In seiner Rede in Husum hat er seine Regierung für die Überwindung der Abhängigkeit von russischen Gaslieferungen gewürdigt. Obgleich es der Kanzler vor den Explosionen an den Gaspipelines „Nord Stream 1“ und „Nord Stream 2“ vorgezogen hatte, von der Wichtigkeit der Gaslieferungen aus Russland zu sprechen. Freilich, nach der Anerkennung der Republiken im Osten der Ukraine durch Russland legte Scholz die Inbetriebnahme von „Nord Stream 2“ auf Eis. Aber Gas war zuverlässig über „Nord Stream 1“ in die BRD geflossen. Bis vor kurzem waren die deutschen Behörden einer Antwort auf die Frage ausgewichen, wer die Gaspipelines gesprengt hatte. Aber in der Anfangsphase der Aufklärung dieses, wie sich die bundesdeutschen Behörden ausdrücken, Sabotageaktes war die Presse voll von Andeutungen und Anspielungen, dass dies angeblich die Russen selbst im Verlauf des unerklärten Wirtschaftskrieges gegen Europa getan hätten. Dieser Tage war nun laut n-tv Deutschlands Bundesstaatsanwalt gezwungen, öffentlich einzugestehen, dass die deutsche Seite keine Beweise dafür habe, dass Russland die Gaspipelines gesprengt hat. Scholz bemerkt aber vorerst nicht die neuen Momente in der Aufklärung des Falls der Liquidierung der Ostsee-Gasleitungen.
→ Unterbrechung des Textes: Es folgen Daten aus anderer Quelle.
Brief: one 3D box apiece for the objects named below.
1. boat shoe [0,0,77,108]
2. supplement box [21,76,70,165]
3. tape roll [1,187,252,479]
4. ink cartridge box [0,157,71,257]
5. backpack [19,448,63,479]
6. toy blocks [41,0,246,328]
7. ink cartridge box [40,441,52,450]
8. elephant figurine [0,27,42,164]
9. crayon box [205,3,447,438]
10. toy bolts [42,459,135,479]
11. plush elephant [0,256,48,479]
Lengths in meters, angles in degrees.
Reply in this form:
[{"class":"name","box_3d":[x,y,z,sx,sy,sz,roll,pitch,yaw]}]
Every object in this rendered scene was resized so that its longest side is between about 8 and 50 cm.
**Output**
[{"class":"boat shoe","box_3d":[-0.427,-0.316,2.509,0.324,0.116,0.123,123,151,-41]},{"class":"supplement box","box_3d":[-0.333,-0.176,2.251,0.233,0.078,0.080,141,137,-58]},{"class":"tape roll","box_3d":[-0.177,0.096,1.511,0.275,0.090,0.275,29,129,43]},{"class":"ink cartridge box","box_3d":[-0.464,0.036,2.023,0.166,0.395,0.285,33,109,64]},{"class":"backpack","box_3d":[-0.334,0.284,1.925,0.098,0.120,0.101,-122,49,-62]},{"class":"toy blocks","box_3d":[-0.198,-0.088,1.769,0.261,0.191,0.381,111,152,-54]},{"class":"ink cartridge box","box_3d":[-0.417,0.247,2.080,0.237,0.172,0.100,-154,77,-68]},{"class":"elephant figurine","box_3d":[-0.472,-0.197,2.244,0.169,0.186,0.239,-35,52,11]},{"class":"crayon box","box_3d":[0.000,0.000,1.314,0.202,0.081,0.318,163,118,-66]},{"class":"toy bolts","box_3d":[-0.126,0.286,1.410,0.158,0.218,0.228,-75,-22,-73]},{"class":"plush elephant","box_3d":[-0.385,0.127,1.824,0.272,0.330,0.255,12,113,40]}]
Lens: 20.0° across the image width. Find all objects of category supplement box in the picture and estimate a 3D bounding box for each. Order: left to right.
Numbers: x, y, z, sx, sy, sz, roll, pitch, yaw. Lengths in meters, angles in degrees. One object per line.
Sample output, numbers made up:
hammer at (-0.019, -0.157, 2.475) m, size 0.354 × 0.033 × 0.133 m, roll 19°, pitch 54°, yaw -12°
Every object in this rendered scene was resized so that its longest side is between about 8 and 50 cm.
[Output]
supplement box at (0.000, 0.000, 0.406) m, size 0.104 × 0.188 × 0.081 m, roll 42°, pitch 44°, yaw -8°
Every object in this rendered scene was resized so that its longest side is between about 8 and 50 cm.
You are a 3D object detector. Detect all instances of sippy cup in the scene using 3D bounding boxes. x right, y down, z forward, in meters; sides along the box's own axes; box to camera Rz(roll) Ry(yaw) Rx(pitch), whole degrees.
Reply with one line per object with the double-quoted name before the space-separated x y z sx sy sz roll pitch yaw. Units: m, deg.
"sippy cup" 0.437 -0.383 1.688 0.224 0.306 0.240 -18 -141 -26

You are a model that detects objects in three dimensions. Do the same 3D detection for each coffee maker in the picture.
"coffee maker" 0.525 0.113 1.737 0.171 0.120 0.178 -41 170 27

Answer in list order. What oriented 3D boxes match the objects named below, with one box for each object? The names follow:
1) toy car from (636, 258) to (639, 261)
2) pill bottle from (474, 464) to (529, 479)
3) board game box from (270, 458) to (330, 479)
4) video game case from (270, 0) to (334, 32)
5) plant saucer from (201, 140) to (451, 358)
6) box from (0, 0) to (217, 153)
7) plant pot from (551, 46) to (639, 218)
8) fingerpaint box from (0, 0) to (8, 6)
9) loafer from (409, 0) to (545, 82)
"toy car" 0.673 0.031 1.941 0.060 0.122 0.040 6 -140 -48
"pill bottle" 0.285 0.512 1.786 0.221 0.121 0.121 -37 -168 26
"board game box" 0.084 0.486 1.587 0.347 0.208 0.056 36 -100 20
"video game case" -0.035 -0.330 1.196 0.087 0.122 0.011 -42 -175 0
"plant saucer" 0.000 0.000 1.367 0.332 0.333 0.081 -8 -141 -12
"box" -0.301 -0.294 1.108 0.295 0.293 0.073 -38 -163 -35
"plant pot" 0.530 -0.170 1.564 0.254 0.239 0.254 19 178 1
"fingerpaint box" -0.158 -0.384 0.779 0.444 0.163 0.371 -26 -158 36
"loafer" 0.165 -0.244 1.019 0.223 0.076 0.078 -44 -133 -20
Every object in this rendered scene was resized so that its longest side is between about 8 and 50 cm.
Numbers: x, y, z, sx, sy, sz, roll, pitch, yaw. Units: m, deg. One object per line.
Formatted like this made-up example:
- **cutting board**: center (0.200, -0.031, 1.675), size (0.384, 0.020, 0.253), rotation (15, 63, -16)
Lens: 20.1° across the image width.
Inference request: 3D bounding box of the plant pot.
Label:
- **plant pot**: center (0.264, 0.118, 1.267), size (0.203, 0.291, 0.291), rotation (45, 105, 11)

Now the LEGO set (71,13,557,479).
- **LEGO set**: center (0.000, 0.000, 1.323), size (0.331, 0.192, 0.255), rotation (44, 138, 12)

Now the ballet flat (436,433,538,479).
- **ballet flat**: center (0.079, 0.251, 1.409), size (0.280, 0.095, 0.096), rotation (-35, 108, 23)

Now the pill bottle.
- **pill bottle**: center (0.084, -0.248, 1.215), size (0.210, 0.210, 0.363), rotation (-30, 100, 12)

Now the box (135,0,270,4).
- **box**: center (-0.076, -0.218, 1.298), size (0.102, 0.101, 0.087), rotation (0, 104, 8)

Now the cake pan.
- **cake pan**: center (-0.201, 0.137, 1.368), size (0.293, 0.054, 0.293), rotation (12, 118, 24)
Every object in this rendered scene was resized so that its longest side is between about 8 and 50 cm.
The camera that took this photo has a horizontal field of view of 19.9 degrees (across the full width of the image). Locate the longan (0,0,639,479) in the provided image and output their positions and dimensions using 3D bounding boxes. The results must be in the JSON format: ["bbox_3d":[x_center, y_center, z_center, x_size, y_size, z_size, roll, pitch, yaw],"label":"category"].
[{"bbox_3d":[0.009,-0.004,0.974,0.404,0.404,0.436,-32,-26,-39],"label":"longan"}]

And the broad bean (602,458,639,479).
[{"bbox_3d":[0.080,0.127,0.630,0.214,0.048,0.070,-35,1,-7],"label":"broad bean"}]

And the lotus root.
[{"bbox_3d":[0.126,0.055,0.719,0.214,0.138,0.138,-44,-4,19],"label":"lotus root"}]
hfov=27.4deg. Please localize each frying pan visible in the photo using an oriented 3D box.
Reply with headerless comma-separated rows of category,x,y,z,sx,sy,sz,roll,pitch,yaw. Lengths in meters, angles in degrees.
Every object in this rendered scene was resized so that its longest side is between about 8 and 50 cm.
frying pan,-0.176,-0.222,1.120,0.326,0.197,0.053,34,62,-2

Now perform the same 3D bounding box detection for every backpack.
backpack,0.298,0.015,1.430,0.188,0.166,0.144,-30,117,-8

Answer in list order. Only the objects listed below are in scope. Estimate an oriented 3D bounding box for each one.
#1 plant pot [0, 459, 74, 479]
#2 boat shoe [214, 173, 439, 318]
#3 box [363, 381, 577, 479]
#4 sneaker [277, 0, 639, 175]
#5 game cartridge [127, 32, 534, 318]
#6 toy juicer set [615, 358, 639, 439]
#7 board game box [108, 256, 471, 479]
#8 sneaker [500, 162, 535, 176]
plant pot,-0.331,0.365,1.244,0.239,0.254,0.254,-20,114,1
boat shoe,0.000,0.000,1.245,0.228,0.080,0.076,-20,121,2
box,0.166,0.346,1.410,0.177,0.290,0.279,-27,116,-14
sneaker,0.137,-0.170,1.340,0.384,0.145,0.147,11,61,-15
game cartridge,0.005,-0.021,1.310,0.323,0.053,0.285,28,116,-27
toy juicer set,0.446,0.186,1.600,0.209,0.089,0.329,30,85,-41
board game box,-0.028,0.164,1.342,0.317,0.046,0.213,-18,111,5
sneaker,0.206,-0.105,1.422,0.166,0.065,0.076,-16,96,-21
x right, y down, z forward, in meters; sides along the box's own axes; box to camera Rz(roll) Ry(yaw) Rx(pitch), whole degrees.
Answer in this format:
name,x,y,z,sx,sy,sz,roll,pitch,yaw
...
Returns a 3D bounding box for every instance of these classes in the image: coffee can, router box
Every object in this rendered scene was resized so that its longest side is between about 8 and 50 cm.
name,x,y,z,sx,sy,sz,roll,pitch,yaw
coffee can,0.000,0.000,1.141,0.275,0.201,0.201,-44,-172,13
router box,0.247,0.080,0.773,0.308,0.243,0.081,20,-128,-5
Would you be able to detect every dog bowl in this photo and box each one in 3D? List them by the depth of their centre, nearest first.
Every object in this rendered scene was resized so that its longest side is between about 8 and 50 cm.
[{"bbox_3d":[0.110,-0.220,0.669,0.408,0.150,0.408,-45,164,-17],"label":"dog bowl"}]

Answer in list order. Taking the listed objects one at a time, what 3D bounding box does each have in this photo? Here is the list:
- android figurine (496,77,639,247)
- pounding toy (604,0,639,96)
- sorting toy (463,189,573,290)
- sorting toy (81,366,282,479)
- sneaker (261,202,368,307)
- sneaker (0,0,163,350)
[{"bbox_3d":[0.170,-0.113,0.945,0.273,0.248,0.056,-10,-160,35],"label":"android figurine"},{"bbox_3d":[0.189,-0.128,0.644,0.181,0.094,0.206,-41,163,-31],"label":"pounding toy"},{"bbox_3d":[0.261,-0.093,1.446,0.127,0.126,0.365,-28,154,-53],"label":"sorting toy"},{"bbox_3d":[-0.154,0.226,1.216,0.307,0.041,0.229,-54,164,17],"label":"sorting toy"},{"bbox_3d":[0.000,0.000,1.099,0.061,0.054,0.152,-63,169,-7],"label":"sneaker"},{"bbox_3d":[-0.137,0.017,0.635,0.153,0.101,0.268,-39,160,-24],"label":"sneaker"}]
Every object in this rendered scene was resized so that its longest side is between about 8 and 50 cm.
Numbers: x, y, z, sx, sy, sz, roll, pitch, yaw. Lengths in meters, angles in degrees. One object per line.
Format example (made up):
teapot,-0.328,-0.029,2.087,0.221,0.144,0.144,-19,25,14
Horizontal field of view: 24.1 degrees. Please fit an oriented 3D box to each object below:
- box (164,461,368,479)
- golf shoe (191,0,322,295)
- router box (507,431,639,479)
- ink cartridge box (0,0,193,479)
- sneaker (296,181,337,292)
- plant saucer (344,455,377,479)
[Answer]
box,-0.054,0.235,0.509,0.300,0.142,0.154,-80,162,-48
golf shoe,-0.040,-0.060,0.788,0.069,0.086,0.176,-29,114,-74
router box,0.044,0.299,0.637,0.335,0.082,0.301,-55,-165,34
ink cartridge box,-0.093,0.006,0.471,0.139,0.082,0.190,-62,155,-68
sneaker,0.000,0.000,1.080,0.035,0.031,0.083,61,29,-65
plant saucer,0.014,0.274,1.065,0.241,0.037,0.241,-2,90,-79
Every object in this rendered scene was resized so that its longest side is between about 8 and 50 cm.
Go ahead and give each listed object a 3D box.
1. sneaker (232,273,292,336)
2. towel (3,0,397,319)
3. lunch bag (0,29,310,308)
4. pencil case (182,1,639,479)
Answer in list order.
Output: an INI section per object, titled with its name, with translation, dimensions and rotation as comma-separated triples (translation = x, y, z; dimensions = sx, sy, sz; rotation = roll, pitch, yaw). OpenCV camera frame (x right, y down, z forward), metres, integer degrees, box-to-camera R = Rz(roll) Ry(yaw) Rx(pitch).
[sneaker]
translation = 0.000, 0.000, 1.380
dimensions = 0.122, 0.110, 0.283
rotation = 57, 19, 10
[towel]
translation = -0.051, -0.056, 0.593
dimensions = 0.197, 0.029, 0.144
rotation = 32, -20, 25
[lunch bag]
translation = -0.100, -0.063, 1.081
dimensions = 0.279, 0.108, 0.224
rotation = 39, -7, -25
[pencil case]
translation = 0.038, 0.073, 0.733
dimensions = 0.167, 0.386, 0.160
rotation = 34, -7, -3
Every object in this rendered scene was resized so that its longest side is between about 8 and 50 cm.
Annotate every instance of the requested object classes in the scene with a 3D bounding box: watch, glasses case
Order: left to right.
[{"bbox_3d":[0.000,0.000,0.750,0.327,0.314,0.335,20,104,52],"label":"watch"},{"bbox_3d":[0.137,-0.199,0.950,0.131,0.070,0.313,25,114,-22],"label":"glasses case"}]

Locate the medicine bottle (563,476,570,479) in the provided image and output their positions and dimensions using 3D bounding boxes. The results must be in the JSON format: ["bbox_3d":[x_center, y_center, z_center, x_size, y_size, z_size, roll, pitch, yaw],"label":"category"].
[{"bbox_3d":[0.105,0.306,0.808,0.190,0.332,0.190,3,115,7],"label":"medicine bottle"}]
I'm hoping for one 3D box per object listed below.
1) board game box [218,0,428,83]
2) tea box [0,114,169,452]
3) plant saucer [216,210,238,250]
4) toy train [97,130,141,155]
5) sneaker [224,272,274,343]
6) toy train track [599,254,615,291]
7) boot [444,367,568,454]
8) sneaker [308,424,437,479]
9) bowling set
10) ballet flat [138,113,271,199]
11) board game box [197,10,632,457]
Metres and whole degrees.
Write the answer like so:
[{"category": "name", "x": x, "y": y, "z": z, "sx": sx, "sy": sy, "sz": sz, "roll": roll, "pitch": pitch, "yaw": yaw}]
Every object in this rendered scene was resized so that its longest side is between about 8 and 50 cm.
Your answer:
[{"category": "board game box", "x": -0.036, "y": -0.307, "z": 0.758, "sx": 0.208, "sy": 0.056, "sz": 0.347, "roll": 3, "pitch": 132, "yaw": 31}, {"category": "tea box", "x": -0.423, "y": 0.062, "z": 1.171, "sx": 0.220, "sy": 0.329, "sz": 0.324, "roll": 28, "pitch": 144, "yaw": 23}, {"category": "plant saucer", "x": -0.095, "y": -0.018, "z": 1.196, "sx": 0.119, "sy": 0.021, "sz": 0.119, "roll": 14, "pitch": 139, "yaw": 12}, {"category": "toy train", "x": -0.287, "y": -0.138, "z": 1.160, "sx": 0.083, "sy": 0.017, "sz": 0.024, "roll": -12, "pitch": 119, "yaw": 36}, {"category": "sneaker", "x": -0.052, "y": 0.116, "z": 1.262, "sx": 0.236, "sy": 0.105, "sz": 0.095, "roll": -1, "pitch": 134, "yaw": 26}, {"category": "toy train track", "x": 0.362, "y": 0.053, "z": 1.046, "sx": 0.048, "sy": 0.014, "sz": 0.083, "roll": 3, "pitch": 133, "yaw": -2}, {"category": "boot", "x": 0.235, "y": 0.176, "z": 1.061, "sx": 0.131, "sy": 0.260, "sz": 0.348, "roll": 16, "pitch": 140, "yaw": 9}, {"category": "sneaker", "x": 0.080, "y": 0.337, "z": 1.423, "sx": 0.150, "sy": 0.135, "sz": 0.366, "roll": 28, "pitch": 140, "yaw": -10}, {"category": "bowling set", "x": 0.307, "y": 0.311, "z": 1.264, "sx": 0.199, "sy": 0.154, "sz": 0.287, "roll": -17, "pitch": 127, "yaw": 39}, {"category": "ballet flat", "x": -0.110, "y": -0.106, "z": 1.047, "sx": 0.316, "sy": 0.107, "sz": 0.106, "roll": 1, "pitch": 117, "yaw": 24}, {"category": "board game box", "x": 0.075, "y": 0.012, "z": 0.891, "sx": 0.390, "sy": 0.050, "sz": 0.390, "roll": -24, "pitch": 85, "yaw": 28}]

Und da sind schließlich noch die Befürchtungen des SPD-Kanzlers hinsichtlich einer Involvierung der NATO in den Krieg gegen Russland. Diesbezüglich hatten bereits im März vergangenen Jahres Juristen des Bundestages eine Analyse erstellt, die belegt, dass Deutschland bereits zu einer „Seite des Konflikts“ geworden sei. Daher lösen die Behauptungen des deutschen Regierungschefs den Eindruck aus, dass ihm diese Analyse nicht bekannt ist oder sie ihm nicht passe, da sie sich nicht in seine Konzeption der internationalen Ereignisse einfügt.
Der deutsche Politologe aus der Bundeswehr-Akademie Prof. Dr. Carlo Masala betont die Notwendigkeit der Verfolgung einer „Politik der Interessen“ durch den Westen. Im Grunde genommen hat der Westen nie solch eine Politik aufgegeben. Nur so kann man erklären, dass es Olaf Scholz vorzieht, wie sein Auftritt in Husum demonstrierte, alle öffentlich gewordenen Fakten, die der Politik der Interessen widerspricht, zu ignorieren.